# New Firefox plugin decodes malicious Web sites



## Mumbodog (Oct 3, 2007)

.

http://www.infoworld.com/d/security-central/firefox-plugin-decodes-malicious-web-sites-815



> A computer security researcher has released a plugin for Firefox that provides a wealth of data on Web sites that may have been compromised with malicious code.
> 
> The plugin, called Fireshark, was released on Wednesday at the Black Hat conference. The open-source free tool is designed to address the shortcomings in other programs used to analyze malicious Web sites, said Stephan Chenette, a principal security researcher at Websense, which lets Chenette develop Fireshark in the course of his job.


.


----------



## lotuseclat79 (Sep 12, 2003)

Hi Mumbodog,

I use Linux Ubuntu 9.10 w/Firefox 3.5.9 and the website does not appear to allow a download, i.e. the website may only work w/Windows Firefox.
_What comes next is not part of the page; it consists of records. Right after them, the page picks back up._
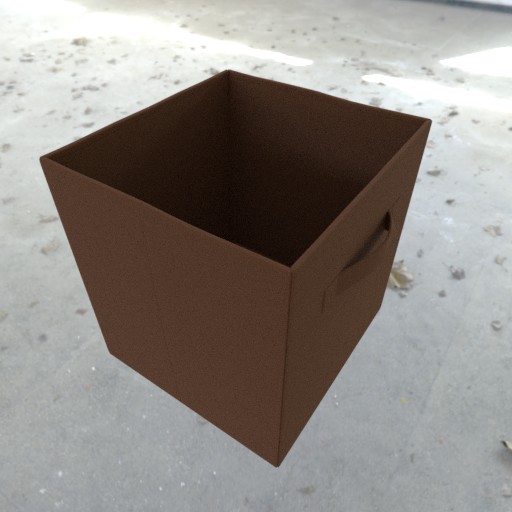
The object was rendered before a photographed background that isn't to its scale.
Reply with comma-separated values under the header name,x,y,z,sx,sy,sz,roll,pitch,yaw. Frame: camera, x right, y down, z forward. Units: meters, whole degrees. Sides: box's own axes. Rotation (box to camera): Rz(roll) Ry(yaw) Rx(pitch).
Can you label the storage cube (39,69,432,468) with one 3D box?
name,x,y,z,sx,sy,sz,roll,pitch,yaw
storage cube,0.000,0.000,0.492,0.270,0.280,0.270,25,47,25
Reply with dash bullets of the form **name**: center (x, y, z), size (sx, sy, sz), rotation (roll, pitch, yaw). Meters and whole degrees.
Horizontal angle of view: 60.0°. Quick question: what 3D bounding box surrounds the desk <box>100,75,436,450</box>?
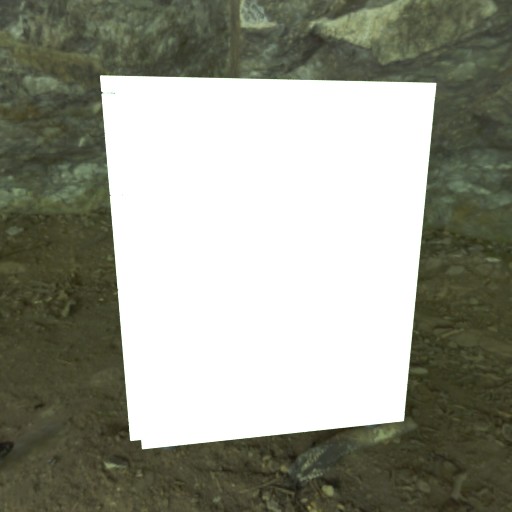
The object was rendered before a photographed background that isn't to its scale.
- **desk**: center (0.000, 0.000, 1.045), size (0.600, 0.730, 0.404), rotation (-2, 15, -9)
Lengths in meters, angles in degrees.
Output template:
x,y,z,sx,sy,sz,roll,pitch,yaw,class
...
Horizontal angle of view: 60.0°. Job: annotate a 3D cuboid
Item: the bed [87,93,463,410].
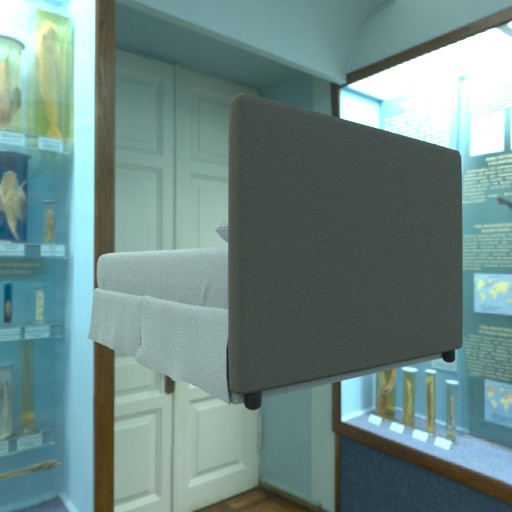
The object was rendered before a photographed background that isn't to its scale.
x,y,z,sx,sy,sz,roll,pitch,yaw,class
0.000,0.000,3.129,1.748,1.330,2.142,1,-1,-36,bed
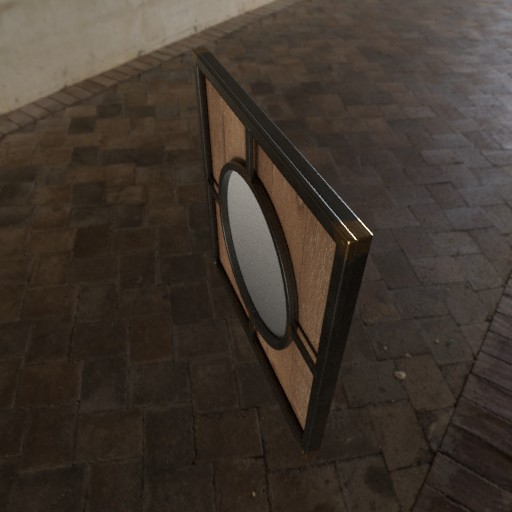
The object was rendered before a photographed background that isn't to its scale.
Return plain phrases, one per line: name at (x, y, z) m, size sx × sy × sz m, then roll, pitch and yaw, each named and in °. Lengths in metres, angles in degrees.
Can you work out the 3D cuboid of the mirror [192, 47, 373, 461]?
mirror at (0.000, 0.000, 0.561) m, size 0.020 × 0.381 × 0.382 m, roll -16°, pitch 47°, yaw -15°
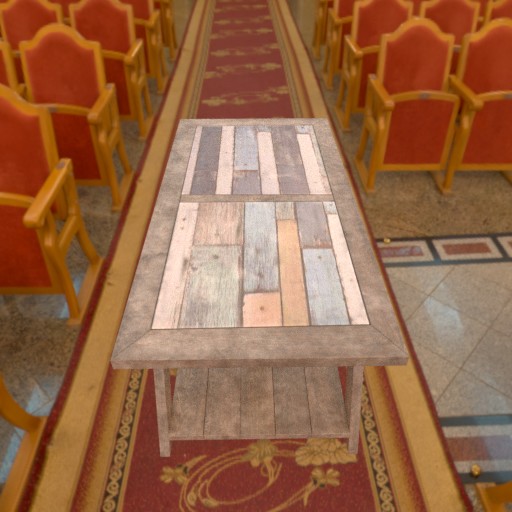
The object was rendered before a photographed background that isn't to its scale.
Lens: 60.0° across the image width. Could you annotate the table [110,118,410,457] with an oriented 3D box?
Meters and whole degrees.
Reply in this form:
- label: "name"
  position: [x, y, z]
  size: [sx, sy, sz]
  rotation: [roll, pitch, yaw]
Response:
- label: "table"
  position: [0.000, 0.000, 1.520]
  size: [0.610, 0.470, 1.219]
  rotation: [-1, 40, -1]
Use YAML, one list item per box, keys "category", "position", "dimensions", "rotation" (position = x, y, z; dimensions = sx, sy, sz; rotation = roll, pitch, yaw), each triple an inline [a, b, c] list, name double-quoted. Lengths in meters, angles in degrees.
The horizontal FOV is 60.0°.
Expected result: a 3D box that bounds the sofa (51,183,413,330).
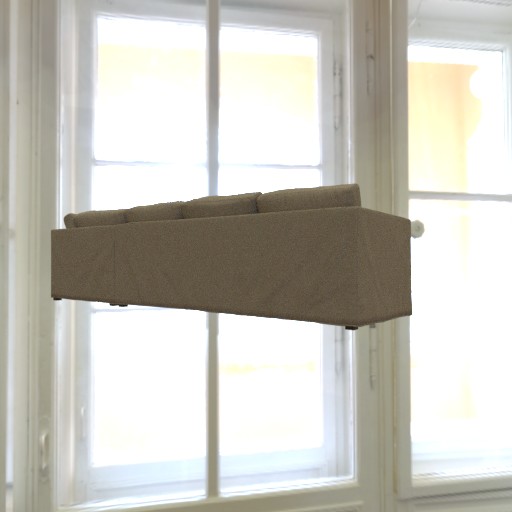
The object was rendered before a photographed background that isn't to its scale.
- category: "sofa"
  position: [0.000, 0.000, 4.310]
  dimensions: [3.182, 0.871, 2.432]
  rotation: [0, -1, 36]
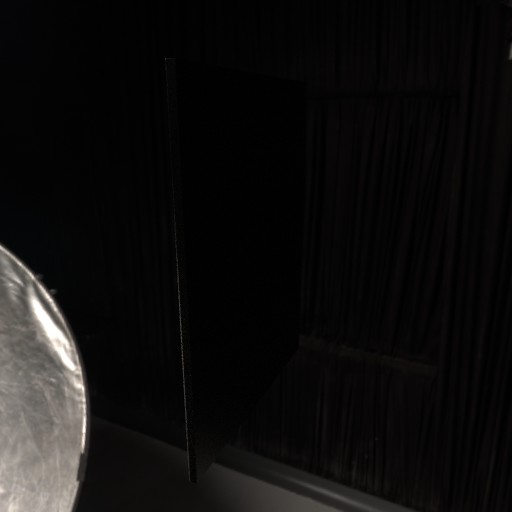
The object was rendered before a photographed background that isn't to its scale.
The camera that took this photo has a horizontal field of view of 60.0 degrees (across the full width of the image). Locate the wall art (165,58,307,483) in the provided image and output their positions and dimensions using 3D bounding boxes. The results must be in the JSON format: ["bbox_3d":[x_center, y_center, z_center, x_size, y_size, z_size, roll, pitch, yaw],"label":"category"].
[{"bbox_3d":[0.000,0.000,0.764,0.013,0.582,0.442,8,20,24],"label":"wall art"}]
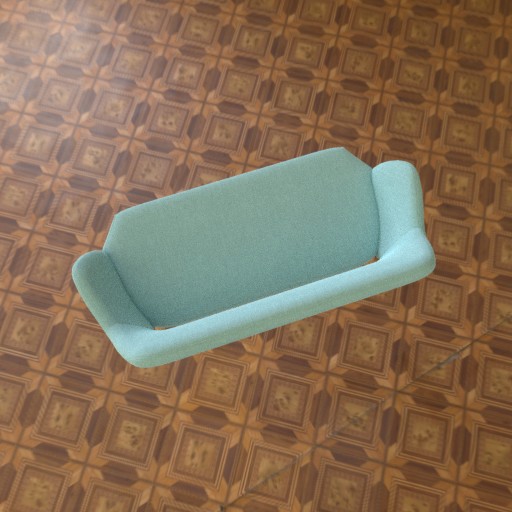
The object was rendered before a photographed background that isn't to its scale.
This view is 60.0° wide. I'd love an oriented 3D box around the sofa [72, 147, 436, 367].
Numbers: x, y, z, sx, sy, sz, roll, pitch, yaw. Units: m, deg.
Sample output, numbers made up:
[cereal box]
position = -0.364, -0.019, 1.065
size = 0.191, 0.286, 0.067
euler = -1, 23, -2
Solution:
[sofa]
position = 0.000, 0.000, 1.595
size = 1.150, 0.840, 0.610
euler = -17, 75, -5
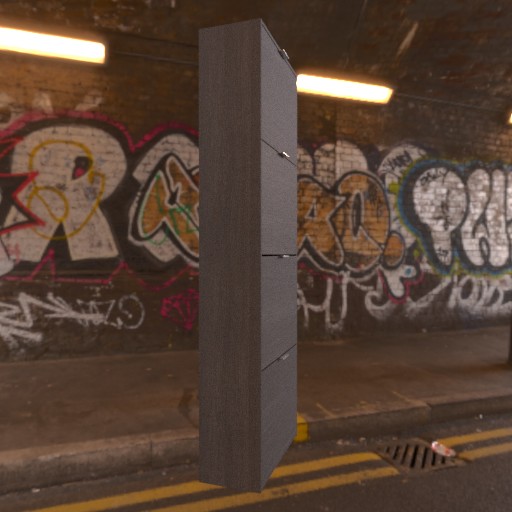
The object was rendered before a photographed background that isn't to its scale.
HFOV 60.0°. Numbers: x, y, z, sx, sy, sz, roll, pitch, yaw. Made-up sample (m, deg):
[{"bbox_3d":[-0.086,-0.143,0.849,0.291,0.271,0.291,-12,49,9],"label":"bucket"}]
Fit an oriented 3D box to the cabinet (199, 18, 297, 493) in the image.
[{"bbox_3d":[0.000,0.000,1.799,0.255,1.630,0.520,0,0,19],"label":"cabinet"}]
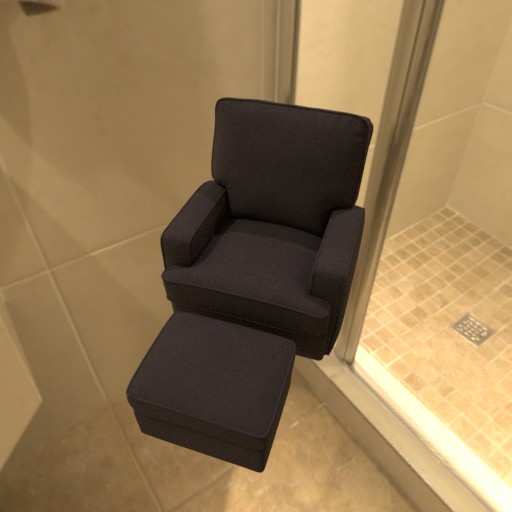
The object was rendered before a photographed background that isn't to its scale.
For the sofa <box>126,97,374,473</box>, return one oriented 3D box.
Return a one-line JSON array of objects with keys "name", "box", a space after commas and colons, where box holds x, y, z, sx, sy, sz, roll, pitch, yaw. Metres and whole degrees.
[{"name": "sofa", "box": [0.000, 0.000, 1.982, 0.861, 0.959, 1.472, 12, 43, 13]}]
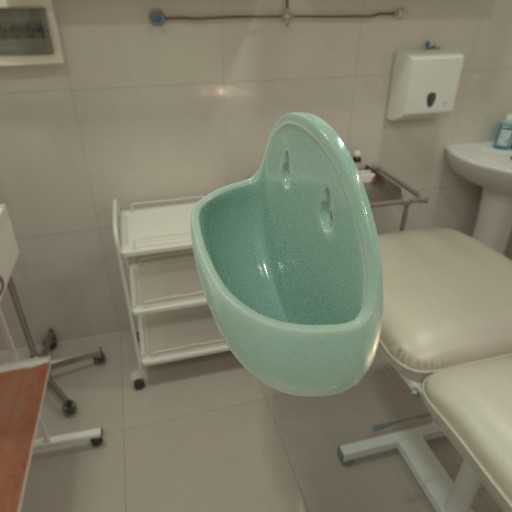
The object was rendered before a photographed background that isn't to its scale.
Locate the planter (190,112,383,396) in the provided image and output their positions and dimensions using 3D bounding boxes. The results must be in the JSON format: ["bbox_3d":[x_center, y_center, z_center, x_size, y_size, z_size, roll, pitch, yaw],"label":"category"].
[{"bbox_3d":[0.000,0.000,0.274,0.073,0.164,0.189,-8,32,-14],"label":"planter"}]
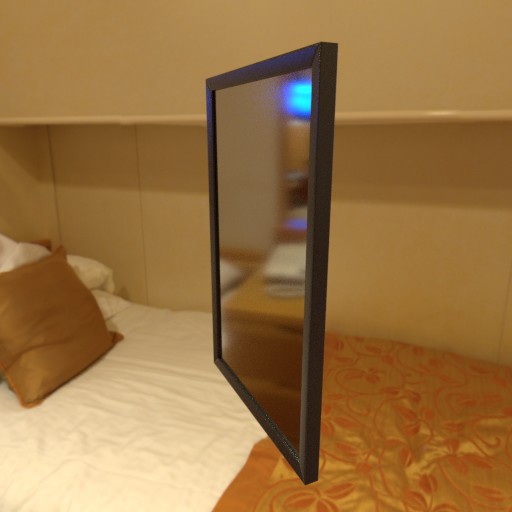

The plugin does not appear to be available at the standard Firefox plugin website. It might not follow the standard Firefox plugin release procedures.

-- Tom


----------



## Mumbodog (Oct 3, 2007)

Hmmm, the website does not say what OSs it will run on, or does it matter?

http://fireshark.org/

.


----------



## tomdkat (May 6, 2006)

lotuseclat79 said:


> Hi Mumbodog,
> 
> I use Linux Ubuntu 9.10 w/Firefox 3.5.9 and the website does not appear to allow a download, i.e. the website may only work w/Windows Firefox. The plugin does not appear to be available at the standard Firefox plugin website. It might not follow the standard Firefox plugin release procedures.


You need to click "Download" and scroll to the bottom of the page to see the download link. The download is a "XPI" file. I haven't installed it but it is an interesting extension.

Peace...


----------



## lotuseclat79 (Sep 12, 2003)

tomdkat said:


> You need to click "Download" and scroll to the bottom of the page to see the download link. The download is a "XPI" file. I haven't installed it but it is an interesting extension.
> 
> Peace...


Hi tomdkat,

Thanks!

-- Tom


----------



## tomdkat (May 6, 2006)

Let us know how it works out for you. 

Peace...


----------



## lotuseclat79 (Sep 12, 2003)

tomdkat said:


> Let us know how it works out for you.
> 
> Peace...


Hi Tom,

I only downloaded it, and will have a look at it later, then decide whether to use it or not - depending on whether I think I need it or not.

Have you used it yet?

-- Tom


----------



## tomdkat (May 6, 2006)

Nope and I doubt I will.

Peace...


----------